TASK GOAL: Scan the data below and pick out the lines containing the word "width".

Stored entries:
____

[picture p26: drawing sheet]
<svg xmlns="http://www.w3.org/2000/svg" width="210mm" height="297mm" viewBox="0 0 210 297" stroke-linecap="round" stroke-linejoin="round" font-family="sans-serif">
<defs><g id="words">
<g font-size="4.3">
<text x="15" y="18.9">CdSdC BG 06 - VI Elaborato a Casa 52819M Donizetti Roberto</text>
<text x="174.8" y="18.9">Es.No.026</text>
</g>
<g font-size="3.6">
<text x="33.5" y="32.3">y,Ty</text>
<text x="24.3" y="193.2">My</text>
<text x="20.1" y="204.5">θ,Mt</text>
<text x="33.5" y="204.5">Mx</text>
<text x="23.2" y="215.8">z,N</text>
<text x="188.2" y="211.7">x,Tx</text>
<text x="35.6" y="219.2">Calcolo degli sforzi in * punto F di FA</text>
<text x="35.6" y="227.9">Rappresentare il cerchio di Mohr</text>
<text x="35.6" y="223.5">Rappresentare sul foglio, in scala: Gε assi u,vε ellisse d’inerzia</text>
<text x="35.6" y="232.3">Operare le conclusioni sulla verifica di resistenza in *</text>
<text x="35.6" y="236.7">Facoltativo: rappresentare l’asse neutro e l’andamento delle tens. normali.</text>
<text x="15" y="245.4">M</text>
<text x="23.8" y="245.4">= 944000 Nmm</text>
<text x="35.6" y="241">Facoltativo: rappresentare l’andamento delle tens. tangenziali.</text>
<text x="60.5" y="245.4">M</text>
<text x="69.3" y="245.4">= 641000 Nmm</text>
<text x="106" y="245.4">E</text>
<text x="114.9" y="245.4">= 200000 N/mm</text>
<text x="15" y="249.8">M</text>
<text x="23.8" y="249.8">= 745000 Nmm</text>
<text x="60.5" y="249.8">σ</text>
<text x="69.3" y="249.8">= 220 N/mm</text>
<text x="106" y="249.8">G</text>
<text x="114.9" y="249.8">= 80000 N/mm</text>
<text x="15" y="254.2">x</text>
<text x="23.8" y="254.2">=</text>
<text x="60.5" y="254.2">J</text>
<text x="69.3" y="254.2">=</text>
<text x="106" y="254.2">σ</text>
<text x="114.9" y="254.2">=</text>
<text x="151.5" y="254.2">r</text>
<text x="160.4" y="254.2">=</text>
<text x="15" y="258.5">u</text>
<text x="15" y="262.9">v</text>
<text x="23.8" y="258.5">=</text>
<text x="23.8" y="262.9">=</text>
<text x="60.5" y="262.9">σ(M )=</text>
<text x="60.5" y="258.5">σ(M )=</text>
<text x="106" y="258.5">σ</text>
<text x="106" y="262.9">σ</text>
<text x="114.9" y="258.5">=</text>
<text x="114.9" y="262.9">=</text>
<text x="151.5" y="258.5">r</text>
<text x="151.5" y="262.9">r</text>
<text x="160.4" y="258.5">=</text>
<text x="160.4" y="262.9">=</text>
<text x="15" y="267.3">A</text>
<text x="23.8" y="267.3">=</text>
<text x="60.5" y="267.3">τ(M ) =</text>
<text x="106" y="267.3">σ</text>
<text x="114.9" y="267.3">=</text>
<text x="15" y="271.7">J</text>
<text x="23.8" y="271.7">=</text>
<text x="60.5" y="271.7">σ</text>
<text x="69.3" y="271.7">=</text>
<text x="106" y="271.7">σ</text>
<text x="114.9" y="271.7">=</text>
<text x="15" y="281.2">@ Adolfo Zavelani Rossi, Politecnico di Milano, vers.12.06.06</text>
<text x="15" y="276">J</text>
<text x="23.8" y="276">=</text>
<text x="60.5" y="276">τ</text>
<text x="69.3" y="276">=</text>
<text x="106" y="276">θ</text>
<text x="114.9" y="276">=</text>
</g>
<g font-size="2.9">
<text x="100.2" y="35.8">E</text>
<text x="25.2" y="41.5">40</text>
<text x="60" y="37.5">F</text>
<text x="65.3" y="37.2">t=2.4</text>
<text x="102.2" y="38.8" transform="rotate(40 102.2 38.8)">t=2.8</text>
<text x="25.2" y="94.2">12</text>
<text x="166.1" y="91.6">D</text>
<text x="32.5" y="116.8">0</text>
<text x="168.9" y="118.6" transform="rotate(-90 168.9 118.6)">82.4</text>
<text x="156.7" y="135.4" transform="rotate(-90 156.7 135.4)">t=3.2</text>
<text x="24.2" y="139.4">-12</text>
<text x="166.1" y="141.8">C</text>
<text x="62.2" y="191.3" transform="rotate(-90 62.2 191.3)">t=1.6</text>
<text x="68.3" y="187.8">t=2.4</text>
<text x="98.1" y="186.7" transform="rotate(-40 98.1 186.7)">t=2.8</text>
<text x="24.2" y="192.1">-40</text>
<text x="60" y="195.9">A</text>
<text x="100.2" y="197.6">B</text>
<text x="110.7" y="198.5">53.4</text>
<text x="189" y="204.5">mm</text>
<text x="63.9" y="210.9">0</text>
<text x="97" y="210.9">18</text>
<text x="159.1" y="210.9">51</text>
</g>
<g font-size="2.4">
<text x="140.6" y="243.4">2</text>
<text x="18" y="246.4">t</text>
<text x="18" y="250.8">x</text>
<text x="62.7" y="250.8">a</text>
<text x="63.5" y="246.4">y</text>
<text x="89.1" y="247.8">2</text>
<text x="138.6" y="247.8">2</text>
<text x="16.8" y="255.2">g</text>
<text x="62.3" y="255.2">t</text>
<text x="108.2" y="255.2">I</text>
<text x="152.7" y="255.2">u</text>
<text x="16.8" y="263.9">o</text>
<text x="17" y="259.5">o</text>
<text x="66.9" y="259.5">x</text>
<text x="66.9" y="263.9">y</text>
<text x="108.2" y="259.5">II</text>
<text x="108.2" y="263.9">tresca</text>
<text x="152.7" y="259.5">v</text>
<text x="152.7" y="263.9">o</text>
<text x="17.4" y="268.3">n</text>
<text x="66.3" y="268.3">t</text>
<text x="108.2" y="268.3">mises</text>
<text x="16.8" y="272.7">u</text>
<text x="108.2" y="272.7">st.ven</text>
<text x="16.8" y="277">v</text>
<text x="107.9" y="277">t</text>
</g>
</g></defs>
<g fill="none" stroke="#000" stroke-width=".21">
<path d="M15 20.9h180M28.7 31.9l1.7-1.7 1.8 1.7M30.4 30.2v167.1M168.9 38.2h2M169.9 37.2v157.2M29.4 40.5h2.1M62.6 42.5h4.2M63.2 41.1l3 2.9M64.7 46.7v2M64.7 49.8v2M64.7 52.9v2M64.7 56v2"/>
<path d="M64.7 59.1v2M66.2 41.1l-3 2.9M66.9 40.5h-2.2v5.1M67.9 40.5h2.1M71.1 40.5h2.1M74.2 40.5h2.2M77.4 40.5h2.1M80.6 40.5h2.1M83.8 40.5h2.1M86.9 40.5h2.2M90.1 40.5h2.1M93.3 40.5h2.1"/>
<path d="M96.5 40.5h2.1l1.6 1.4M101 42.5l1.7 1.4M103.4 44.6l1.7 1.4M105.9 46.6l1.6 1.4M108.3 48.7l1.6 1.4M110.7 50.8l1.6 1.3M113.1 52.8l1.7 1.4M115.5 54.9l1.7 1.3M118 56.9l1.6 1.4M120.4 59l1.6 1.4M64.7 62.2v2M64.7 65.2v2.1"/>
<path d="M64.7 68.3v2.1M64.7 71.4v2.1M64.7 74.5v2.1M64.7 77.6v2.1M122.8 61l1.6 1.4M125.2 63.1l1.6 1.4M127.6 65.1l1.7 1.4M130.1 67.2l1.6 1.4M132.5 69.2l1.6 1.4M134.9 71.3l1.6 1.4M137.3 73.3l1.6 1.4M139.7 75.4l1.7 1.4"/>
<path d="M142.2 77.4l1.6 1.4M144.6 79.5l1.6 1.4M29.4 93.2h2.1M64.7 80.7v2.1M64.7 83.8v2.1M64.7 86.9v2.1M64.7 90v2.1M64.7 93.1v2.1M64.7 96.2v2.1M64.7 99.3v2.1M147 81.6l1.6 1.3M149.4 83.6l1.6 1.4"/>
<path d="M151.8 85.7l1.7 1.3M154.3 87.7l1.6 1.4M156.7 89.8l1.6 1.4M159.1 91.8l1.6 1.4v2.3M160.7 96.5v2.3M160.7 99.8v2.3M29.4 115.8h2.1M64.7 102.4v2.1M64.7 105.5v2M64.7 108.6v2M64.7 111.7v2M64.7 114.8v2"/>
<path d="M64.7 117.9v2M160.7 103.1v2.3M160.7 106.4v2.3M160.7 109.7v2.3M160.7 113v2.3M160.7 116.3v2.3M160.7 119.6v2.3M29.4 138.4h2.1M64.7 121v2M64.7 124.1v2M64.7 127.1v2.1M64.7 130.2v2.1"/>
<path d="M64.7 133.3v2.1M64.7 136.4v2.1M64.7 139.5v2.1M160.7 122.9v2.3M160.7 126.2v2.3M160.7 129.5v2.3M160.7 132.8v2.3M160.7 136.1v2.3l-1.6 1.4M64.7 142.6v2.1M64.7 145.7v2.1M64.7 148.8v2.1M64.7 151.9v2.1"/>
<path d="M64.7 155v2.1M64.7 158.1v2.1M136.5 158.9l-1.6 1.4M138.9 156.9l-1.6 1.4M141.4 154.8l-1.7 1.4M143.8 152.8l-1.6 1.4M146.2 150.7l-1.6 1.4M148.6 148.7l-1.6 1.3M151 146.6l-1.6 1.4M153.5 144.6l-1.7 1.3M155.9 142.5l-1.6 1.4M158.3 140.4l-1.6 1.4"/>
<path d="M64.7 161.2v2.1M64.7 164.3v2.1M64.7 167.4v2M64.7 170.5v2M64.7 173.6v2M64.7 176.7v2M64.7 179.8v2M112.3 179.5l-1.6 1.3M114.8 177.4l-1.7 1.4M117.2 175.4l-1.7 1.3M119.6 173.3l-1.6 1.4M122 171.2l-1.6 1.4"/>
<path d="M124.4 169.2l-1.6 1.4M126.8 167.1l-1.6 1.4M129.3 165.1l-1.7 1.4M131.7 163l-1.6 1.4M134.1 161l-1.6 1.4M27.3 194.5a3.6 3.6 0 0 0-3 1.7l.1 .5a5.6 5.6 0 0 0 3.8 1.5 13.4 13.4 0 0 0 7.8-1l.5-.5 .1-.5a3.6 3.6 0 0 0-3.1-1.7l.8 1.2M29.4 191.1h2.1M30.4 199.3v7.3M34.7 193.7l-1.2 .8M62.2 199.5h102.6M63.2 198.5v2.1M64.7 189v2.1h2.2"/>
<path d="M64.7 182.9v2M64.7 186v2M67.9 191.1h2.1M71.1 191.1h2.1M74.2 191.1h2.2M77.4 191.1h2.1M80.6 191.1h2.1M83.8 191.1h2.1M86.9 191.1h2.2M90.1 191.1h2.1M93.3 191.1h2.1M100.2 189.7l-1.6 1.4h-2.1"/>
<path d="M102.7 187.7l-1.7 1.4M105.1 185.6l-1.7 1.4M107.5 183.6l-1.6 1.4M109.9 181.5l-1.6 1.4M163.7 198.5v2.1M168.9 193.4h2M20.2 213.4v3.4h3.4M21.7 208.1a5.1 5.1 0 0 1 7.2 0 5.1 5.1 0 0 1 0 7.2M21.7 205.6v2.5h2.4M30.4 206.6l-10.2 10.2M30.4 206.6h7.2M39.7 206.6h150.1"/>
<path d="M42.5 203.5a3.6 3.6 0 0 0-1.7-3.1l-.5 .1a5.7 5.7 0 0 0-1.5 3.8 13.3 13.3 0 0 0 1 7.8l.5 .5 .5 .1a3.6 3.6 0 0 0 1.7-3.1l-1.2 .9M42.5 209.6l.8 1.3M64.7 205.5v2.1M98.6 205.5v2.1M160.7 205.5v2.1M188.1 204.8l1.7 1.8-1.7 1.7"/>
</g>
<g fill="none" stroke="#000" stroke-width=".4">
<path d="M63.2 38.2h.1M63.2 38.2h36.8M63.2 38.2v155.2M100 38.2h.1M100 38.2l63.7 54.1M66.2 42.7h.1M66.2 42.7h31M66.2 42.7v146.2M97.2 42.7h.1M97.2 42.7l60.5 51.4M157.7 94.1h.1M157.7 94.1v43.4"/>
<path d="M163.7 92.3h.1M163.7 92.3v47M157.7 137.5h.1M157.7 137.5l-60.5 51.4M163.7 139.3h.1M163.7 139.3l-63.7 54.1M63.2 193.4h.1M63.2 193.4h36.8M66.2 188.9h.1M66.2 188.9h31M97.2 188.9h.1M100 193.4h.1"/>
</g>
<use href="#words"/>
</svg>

____

COMPLETED EXERCISE:
<svg xmlns="http://www.w3.org/2000/svg" width="210mm" height="297mm" viewBox="0 0 210 297" stroke-linecap="round" stroke-linejoin="round" font-family="sans-serif">
<g fill="none" stroke="#000" stroke-width=".21">
<g fill="none" stroke="#000" stroke-width=".4">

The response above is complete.